Solzhenitsyn’s call to stop living with lies was still clearly of key significance as Sharansky endeavored to put into words what in particular had marked the dissident movement:
The notion of no longer upholding the lie, of no longer pretending, playing the game of the regime, submitting to its intimidation—that had the most tremendous liberating effect on us. As dissidents, we found it gave us enormous strength to free ourselves from the second-guessing that so permeated Soviet society. The regime understood that perfectly, so it spent considerable amounts of energy trying to shut dissidents up, even though at first sight we were a small and insignificant group. But in the end, the Soviet Union did collapse. And what made the difference was the desire not to go on living a life of lies.

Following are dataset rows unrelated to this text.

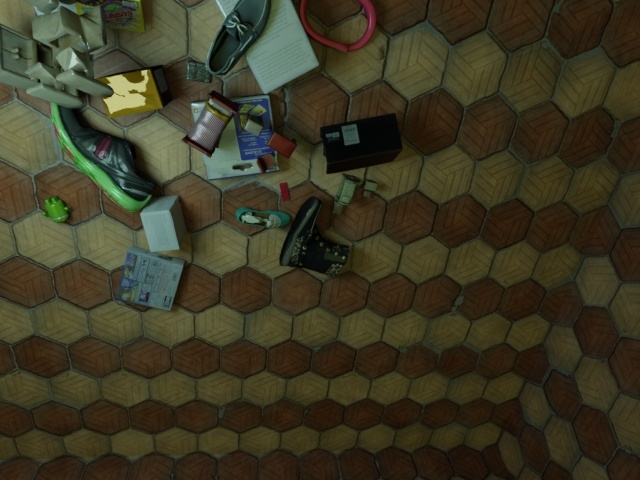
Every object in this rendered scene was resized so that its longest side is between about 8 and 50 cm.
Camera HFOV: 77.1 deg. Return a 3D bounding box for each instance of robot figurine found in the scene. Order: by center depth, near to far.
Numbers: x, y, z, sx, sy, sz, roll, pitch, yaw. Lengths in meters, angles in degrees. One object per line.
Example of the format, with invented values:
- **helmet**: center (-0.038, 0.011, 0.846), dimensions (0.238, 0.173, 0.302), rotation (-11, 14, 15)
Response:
- **robot figurine**: center (-1.089, -0.124, 1.662), dimensions (0.101, 0.067, 0.115), rotation (-16, 119, -13)

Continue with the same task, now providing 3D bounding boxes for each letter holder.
- **letter holder**: center (0.159, -0.389, 1.660), dimensions (0.302, 0.214, 0.152), rotation (-11, 86, -1)

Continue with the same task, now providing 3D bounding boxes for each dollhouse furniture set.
- **dollhouse furniture set**: center (-0.789, -0.589, 1.259), dimensions (0.394, 0.256, 0.362), rotation (-9, 85, 22)
- **dollhouse furniture set**: center (-0.294, -0.376, 1.516), dimensions (0.374, 0.152, 0.201), rotation (28, 109, -19)
- **dollhouse furniture set**: center (0.154, -0.180, 1.775), dimensions (0.161, 0.101, 0.182), rotation (10, 115, -12)

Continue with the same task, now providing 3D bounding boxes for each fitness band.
- **fitness band**: center (0.063, -0.817, 1.470), dimensions (0.291, 0.054, 0.209), rotation (16, 111, -16)

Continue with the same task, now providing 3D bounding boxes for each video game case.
- **video game case**: center (-0.783, 0.180, 1.860), dimensions (0.244, 0.061, 0.269), rotation (17, 113, -17)

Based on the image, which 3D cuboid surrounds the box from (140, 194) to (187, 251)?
- **box**: center (-0.649, -0.073, 1.681), dimensions (0.119, 0.181, 0.182), rotation (-6, 117, -4)

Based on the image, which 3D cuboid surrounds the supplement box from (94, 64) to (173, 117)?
- **supplement box**: center (-0.657, -0.536, 1.436), dimensions (0.191, 0.194, 0.129), rotation (-11, 119, -2)

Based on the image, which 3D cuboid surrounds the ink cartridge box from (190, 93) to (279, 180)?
- **ink cartridge box**: center (-0.333, -0.414, 1.615), dimensions (0.303, 0.072, 0.307), rotation (-8, 119, -5)

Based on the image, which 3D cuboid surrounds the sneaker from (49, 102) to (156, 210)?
- **sneaker**: center (-0.836, -0.335, 1.554), dimensions (0.202, 0.185, 0.483), rotation (-45, 110, -26)

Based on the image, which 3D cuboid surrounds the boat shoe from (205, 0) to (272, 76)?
- **boat shoe**: center (-0.265, -0.666, 1.295), dimensions (0.116, 0.099, 0.319), rotation (36, 111, -20)

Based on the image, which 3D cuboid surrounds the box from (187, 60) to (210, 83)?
- **box**: center (-0.457, -0.633, 1.511), dimensions (0.083, 0.018, 0.067), rotation (6, 116, -10)

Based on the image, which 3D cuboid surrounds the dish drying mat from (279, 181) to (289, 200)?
- **dish drying mat**: center (-0.158, -0.215, 1.770), dimensions (0.032, 0.008, 0.083), rotation (-11, 119, -1)

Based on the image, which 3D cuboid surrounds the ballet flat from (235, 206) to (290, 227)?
- **ballet flat**: center (-0.254, -0.090, 1.777), dimensions (0.247, 0.087, 0.083), rotation (8, 115, -12)

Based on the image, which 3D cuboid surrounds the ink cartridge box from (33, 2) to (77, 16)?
- **ink cartridge box**: center (-0.794, -0.846, 1.292), dimensions (0.296, 0.066, 0.261), rotation (-4, 136, -6)

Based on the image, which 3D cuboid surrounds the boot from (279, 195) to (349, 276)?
- **boot**: center (0.000, 0.000, 1.827), dimensions (0.284, 0.138, 0.377), rotation (20, 117, -15)

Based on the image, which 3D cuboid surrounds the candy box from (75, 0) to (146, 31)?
- **candy box**: center (-0.695, -0.760, 1.332), dimensions (0.206, 0.027, 0.105), rotation (2, 140, -11)

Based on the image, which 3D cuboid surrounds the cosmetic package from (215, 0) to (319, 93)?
- **cosmetic package**: center (-0.205, -0.778, 1.389), dimensions (0.230, 0.161, 0.453), rotation (-25, 118, 8)
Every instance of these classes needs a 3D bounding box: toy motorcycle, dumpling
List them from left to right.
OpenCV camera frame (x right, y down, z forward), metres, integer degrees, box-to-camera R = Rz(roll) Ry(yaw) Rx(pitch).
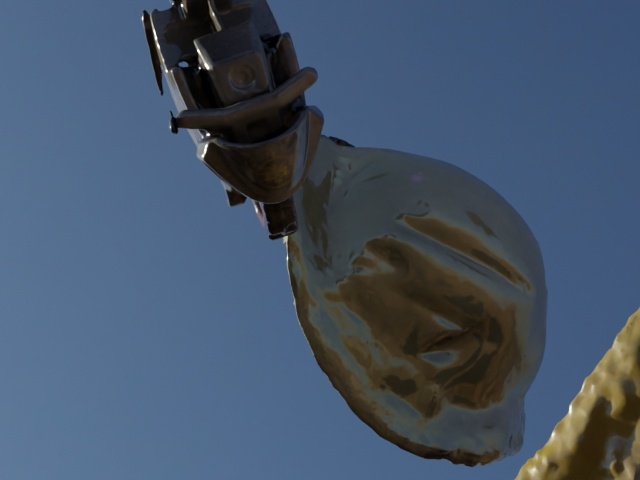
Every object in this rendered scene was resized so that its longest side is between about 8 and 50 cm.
[{"bbox_3d":[-0.054,-0.102,0.941,0.080,0.215,0.122,-18,4,-7],"label":"toy motorcycle"},{"bbox_3d":[0.057,0.053,1.278,0.243,0.227,0.175,16,-39,-11],"label":"dumpling"}]

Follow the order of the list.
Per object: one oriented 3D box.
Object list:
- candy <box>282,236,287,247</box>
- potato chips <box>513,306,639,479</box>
[{"bbox_3d":[0.000,0.000,1.457,0.094,0.051,0.226,31,-5,35],"label":"candy"},{"bbox_3d":[0.012,0.166,0.596,0.407,0.057,0.080,-44,-48,2],"label":"potato chips"}]
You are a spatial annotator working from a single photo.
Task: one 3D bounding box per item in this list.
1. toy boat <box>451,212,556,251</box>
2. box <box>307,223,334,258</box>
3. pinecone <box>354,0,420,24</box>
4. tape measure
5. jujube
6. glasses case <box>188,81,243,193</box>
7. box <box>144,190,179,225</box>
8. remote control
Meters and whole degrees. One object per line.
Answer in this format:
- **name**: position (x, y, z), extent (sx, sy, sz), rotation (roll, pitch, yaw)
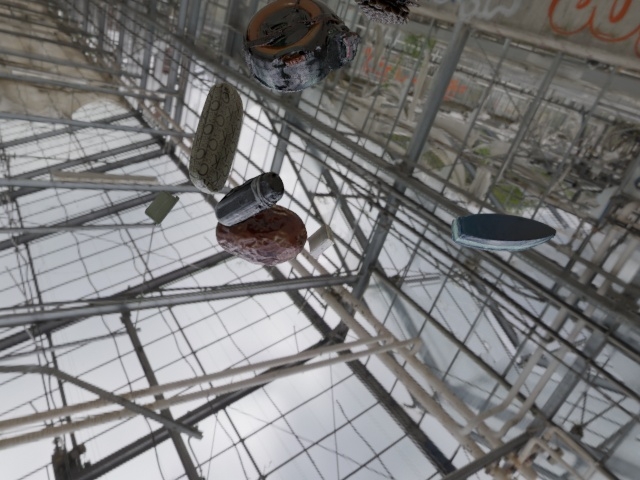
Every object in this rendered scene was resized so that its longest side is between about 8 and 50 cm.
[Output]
- **toy boat**: position (0.513, -0.024, 1.249), extent (0.299, 0.061, 0.096), rotation (3, -111, -7)
- **box**: position (0.000, 0.000, 2.271), extent (0.051, 0.129, 0.130), rotation (36, -154, -29)
- **pinecone**: position (0.248, -0.882, 1.533), extent (0.246, 0.292, 0.246), rotation (15, -147, -10)
- **tape measure**: position (-0.056, -0.422, 0.969), extent (0.223, 0.135, 0.202), rotation (-31, -118, -6)
- **jujube**: position (-0.180, -0.019, 1.388), extent (0.290, 0.197, 0.197), rotation (3, -163, 25)
- **glasses case**: position (-0.315, -0.315, 1.392), extent (0.085, 0.354, 0.137), rotation (2, 162, 24)
- **box**: position (-0.747, -0.157, 2.132), extent (0.093, 0.172, 0.124), rotation (38, 170, -16)
- **remote control**: position (-0.187, -0.100, 1.147), extent (0.066, 0.266, 0.090), rotation (-33, -82, -42)
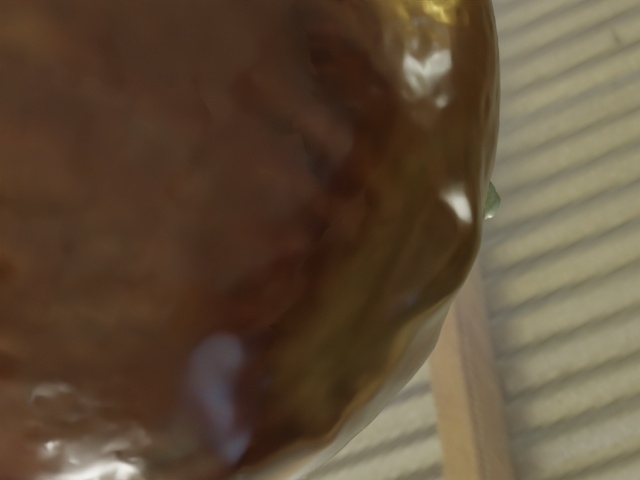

In Sharansky’s view, the dissident community made doing business very uncomfortable for Western politicians such as Henry Kissinger, who emphasized a “realistic,” pragmatic approach to the Soviet Union. And here he saw parallels with the West’s relationship with oil- producing dictatorships in the Middle East today:
The West’s fear of the Soviet Union and its policies of appeasement is something I still see now. Supporting dissidents and listening to their insights were embarrassing and awkward because it involved confrontation with the regime. So what happened was they tried to reduce it down to a minor humanitarian problem of no real importance for what was happening elsewhere in the Soviet Union or for its relationship to the outside world. Kissinger and those who were in agreement with him said they wanted to help Sakharov, but that the Soviet Union was a dictatorship that was going to be around for a very long time, and for that reason it was essential to remain on good terms with Moscow, and in so doing, they would in Kissinger’s view be able to do more for Sakharov and other dissidents. Sakharov tried to explain to them that it wasn’t about helping dissidents, but about how the West could help itself, defend the free world, and not become a victim of its own illusions.